Content - aa9dcd54646576fd313d5e12b73f80d0ab4ec9b6 - 8889e29/README.md

visit type:
Tip revision: e34d6642a1b8c928d20a949b66b327d72908578b authored by Ryan Sepassi on 20 June 2017, 16:43:56 UTC
Rm egg info
Tip revision: e34d664
README.md
# T2T: Tensor2Tensor Transformers

[![PyPI
version](https://badge.fury.io/py/tensor2tensor.svg)](https://badge.fury.io/py/tensor2tensor)
[![GitHub
Issues](https://img.shields.io/github/issues/tensorflow/tensor2tensor.svg)](https://github.com/tensorflow/tensor2tensor/issues)
[![Contributions
welcome](https://img.shields.io/badge/contributions-welcome-brightgreen.svg)](CONTRIBUTING.md)
[![License](https://img.shields.io/badge/License-Apache%202.0-brightgreen.svg)](https://opensource.org/licenses/Apache-2.0)

[T2T](https://github.com/tensorflow/tensor2tensor) is a modular and extensible
library and binaries for supervised learning with TensorFlow and with support
for sequence tasks.
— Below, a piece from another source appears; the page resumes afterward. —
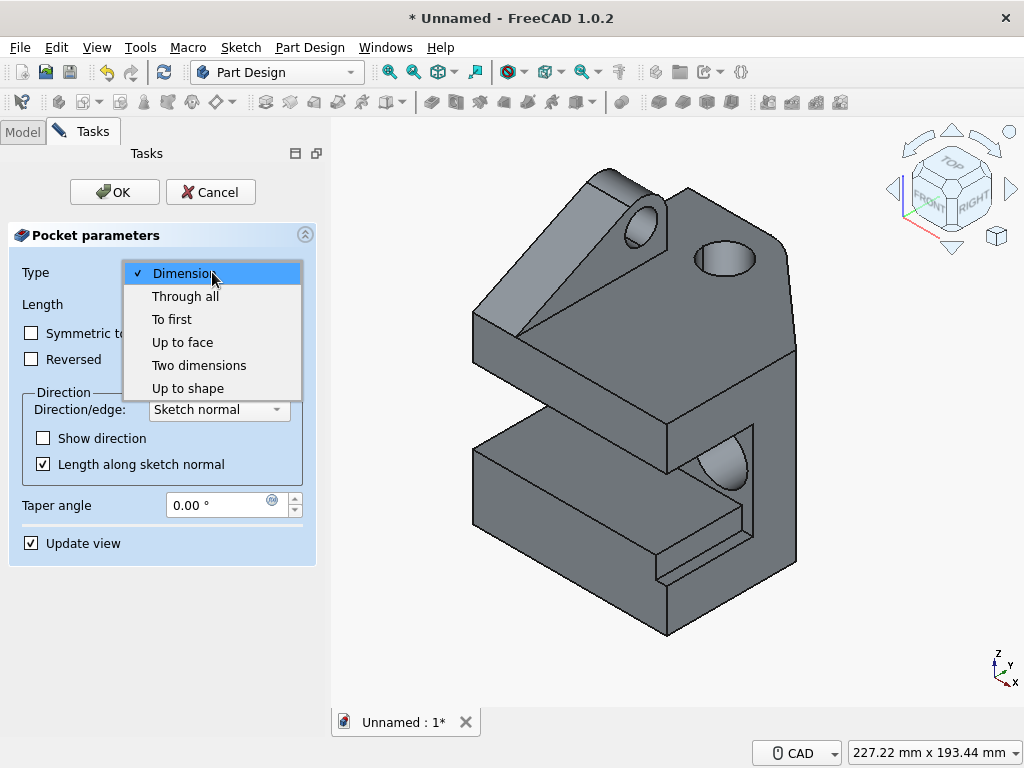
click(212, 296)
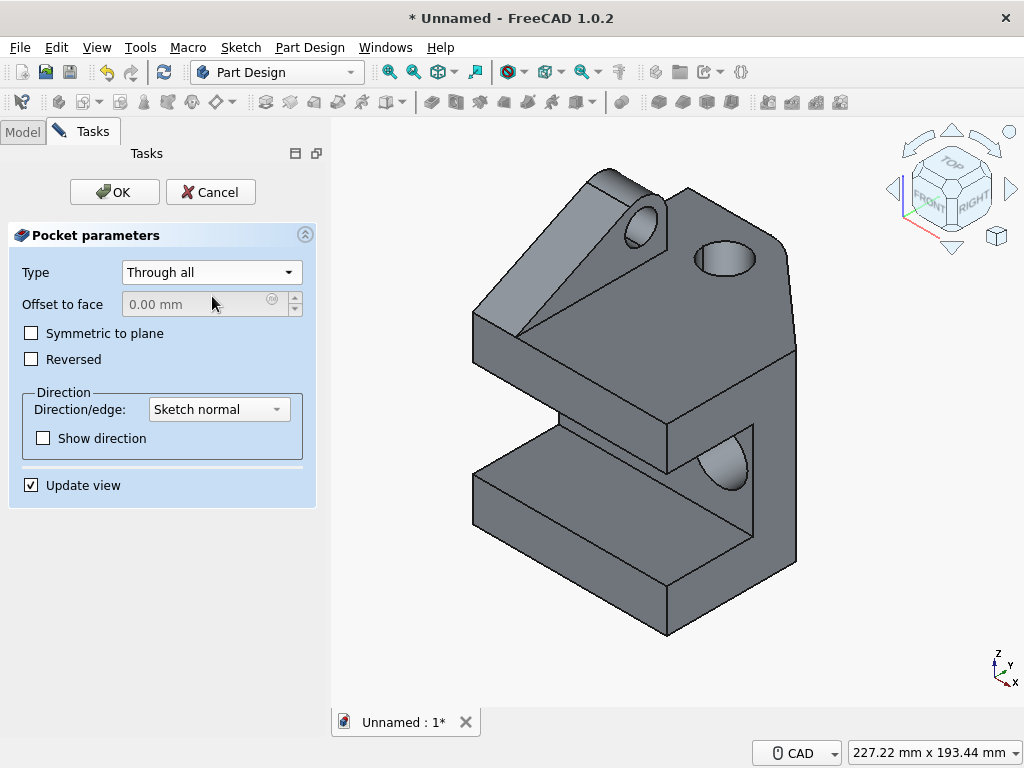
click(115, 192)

It is actively used and maintained by researchers and
engineers within the Google Brain team.

We're eager to collaborate with you on extending T2T, so please feel
free to [open an issue on
GitHub](https://github.com/tensorflow/tensor2tensor/issues) or
send along a pull request to add your data-set or model.
See [our contribution
doc](CONTRIBUTING.md) for details and our [open
issues](https://github.com/tensorflow/tensor2tensor/issues).

---

## Walkthrough

Here's a walkthrough training a good English-to-German translation
model using the Transformer model from [*Attention Is All You
Need*](https://arxiv.org/abs/1706.03762) on WMT data.

```
pip install tensor2tensor

# See what problems, models, and hyperparameter sets are available.
# You can easily swap between them (and add new ones).
t2t-trainer --registry_help

PROBLEM=wmt_ende_tokens_32k
MODEL=transformer
HPARAMS=transformer_base

DATA_DIR=$HOME/t2t_data
TMP_DIR=/tmp/t2t_datagen
TRAIN_DIR=$HOME/t2t_train/$PROBLEM/$MODEL-$HPARAMS

mkdir -p $DATA_DIR $TMP_DIR $TRAIN_DIR

# Generate data
t2t-datagen \
  --data_dir=$DATA_DIR \
  --tmp_dir=$TMP_DIR \
  --problem=$PROBLEM

mv $TMP_DIR/tokens.vocab.32768 $DATA_DIR

# Train
# *  If you run out of memory, add --hparams='batch_size=2048' or even 1024.
t2t-trainer \
  --data_dir=$DATA_DIR \
  --problems=$PROBLEM \
  --model=$MODEL \
  --hparams_set=$HPARAMS \
  --output_dir=$TRAIN_DIR

# Decode

DECODE_FILE=$DATA_DIR/decode_this.txt
echo "Hello world" >> $DECODE_FILE
echo "Goodbye world" >> $DECODE_FILE

BEAM_SIZE=4
ALPHA=0.6

t2t-trainer \
  --data_dir=$DATA_DIR \
  --problems=$PROBLEM \
  --model=$MODEL \
  --hparams_set=$HPARAMS \
  --output_dir=$TRAIN_DIR \
  --train_steps=0 \
  --eval_steps=0 \
  --decode_beam_size=$BEAM_SIZE \
  --decode_alpha=$ALPHA \
  --decode_from_file=$DECODE_FILE

cat $DECODE_FILE.$MODEL.$HPARAMS.beam$BEAM_SIZE.alpha$ALPHA.decodes
```

---

## Installation

```
pip install tensor2tensor
```

Binaries:

```
# Data generator
t2t-datagen

# Trainer
t2t-trainer --registry_help
```

Library usage:

```
python -c "from tensor2tensor.models.transformer import Transformer"
```

---

## Features

* Many state of the art and baseline models are built-in and new models can be
  added easily (open an issue or pull request!).
* Many datasets across modalities - text, audio, image - available for
  generation and use, and new ones can be added easily (open an issue or pull
  request for public datasets!).
* Models can be used with any dataset and input mode (or even multiple); all
  modality-specific processing (e.g. embedding lookups for text tokens) is done
  with `Modality` objects, which are specified per-feature in the dataset/task
  specification.
* Support for multi-GPU machines and synchronous (1 master, many workers) and
  asynchrounous (independent workers synchronizing through a parameter server)
  distributed training.
* Easily swap amongst datasets and models by command-line flag with the data
  generation script `t2t-datagen` and the training script `t2t-trainer`.

---

## T2T overview

### Datasets

**Datasets** are all standardized on `TFRecord` files with `tensorflow.Example`
protocol buffers. All datasets are registered and generated with the
[data
generator](https://github.com/tensorflow/tensor2tensor/tree/master/tensor2tensor/bin/t2t-datagen)
and many common sequence datasets are already available for generation and use.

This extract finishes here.